Shepard was the founder and first regent of the Molly Reid Chapter of the DAR, established on October 27, 1894, as the descendant of Joseph Cilley, Colonel Thomas Bartlett, Joseph Nealley, Abraham True, Benjamin True and Nathaniel Batchelder. Two months before she died, she celebrated the 50th anniversary of the chapter. In 1905, she was elected state vice-regent of New Hampshire and then served as state regent between 1907 and 1909. She was also a member of the New Hampshire Society of Colonial Dames and the New England Historic Genealogical Society.

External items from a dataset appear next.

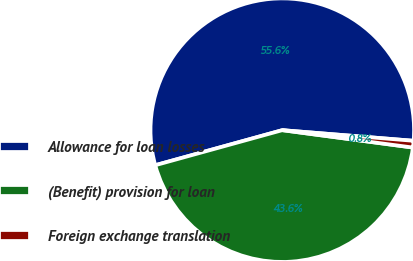Convert chart to OTSL. <chart><loc_0><loc_0><loc_500><loc_500><pie_chart><fcel>Allowance for loan losses<fcel>(Benefit) provision for loan<fcel>Foreign exchange translation<nl><fcel>55.57%<fcel>43.61%<fcel>0.82%<nl></chart> 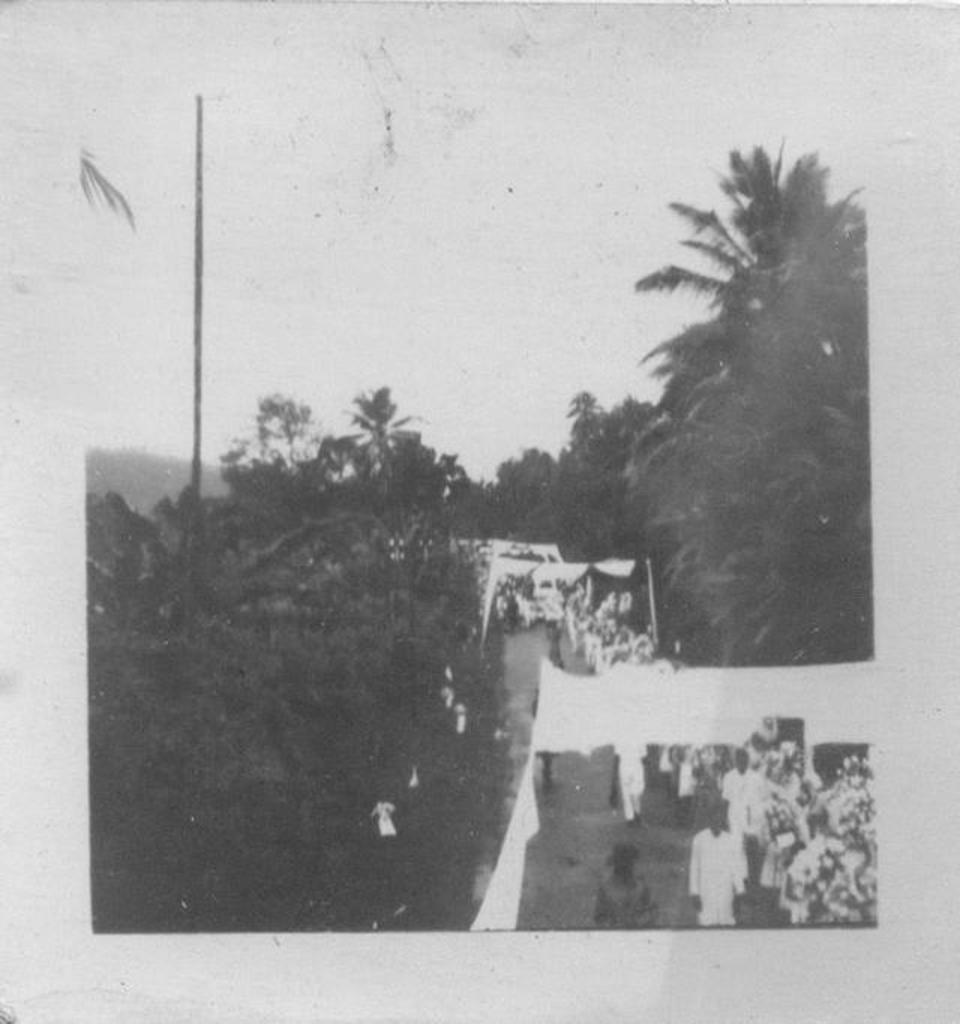What is the color scheme of the image? The image is black and white. Who or what can be seen in the image? There are people in the image. What other objects or elements are present in the image? There are trees and arches made with clothes in the image. What can be seen in the background of the image? The sky is visible in the background of the image. What does the sister regret in the image? There is no mention of a sister or any regret in the image. The image only features people, trees, arches made with clothes, and a black and white color scheme. 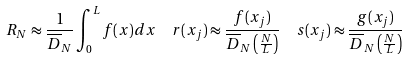<formula> <loc_0><loc_0><loc_500><loc_500>& R _ { N } \approx \frac { 1 } { \overline { D } _ { N } } \int _ { 0 } ^ { L } f ( x ) d x \quad r ( x _ { j } ) \approx \frac { f ( x _ { j } ) } { \overline { D } _ { N } \left ( \frac { N } { L } \right ) } \quad s ( x _ { j } ) \approx \frac { g ( x _ { j } ) } { \overline { D } _ { N } \left ( \frac { N } { L } \right ) }</formula> 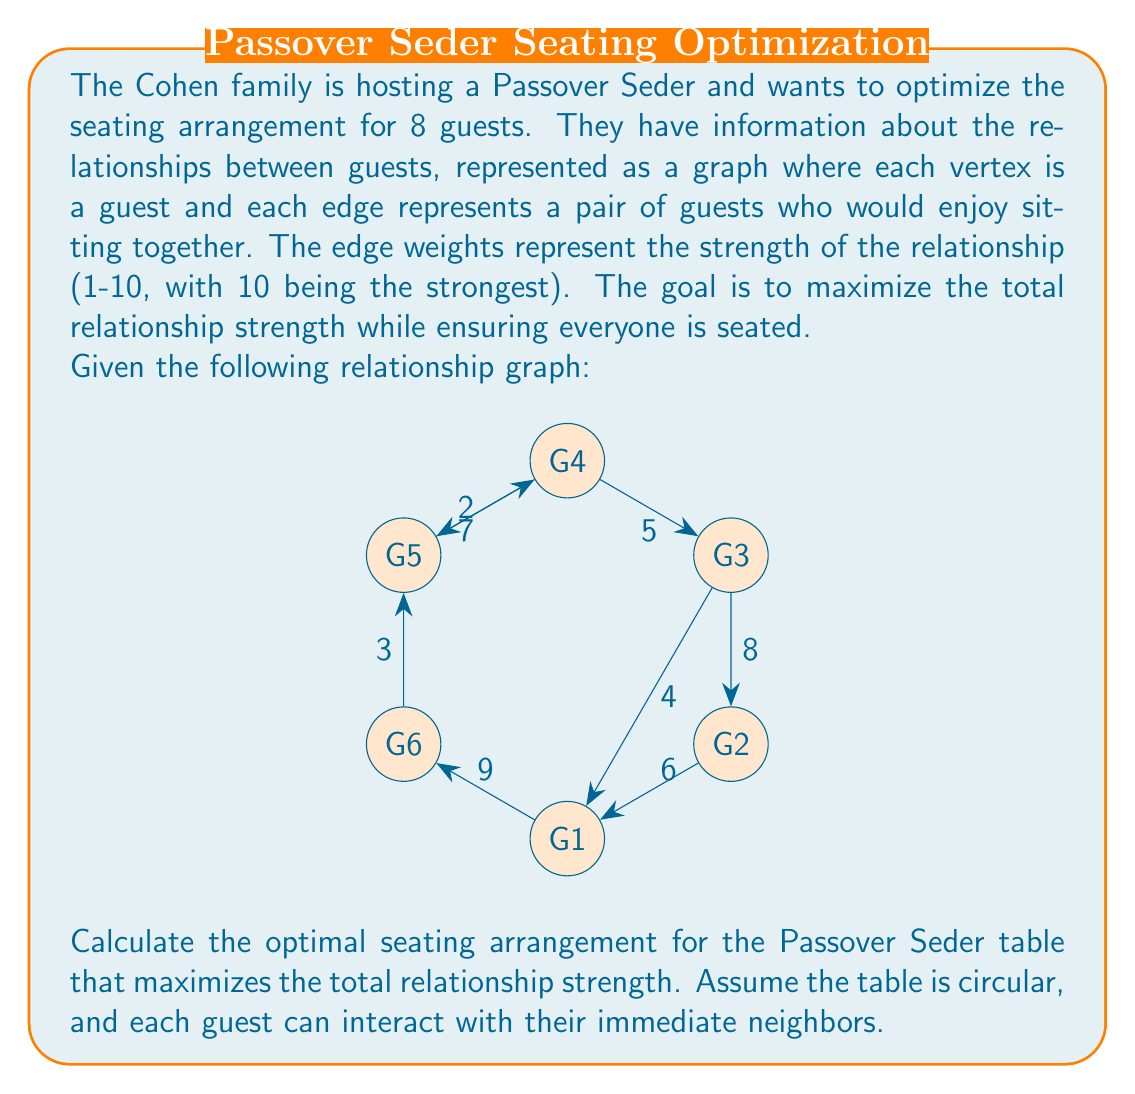Provide a solution to this math problem. To solve this problem, we need to find the maximum weight Hamiltonian cycle in the given graph. This is equivalent to the Traveling Salesman Problem (TSP), which is NP-hard. For a small graph like this, we can use a brute-force approach to find the optimal solution.

Shepard was an anti women's suffrage activist, and served as chairman of the Board of Directors of the New Hampshire Association Opposed to Woman Suffrage. She was the first female chairman of the Rockingham County Woman's Republican Club of New Hampshire from 1920 and was a charter member of the Derry Women's Club.

Shepard died in 1944 in Boston, Massachusetts.

== Legacy ==
In 2000, the land surrounding the original Shepard family homestead was donated to East Derry as a "gift to the Town of Derry from members of the Shepard family in honor of four generations of the family and their contributions to the town." It is now a conservation area.

In 2019, members of Derry's Molly Reid Chapter of DAR hosted a 125th anniversary ceremony by Shepard's grave at Forest Hill Cemetery, East Derry.

Her grandson Alan Bartlett Shepard was the first astronaut from the United States in space, and her maiden name was his middle name.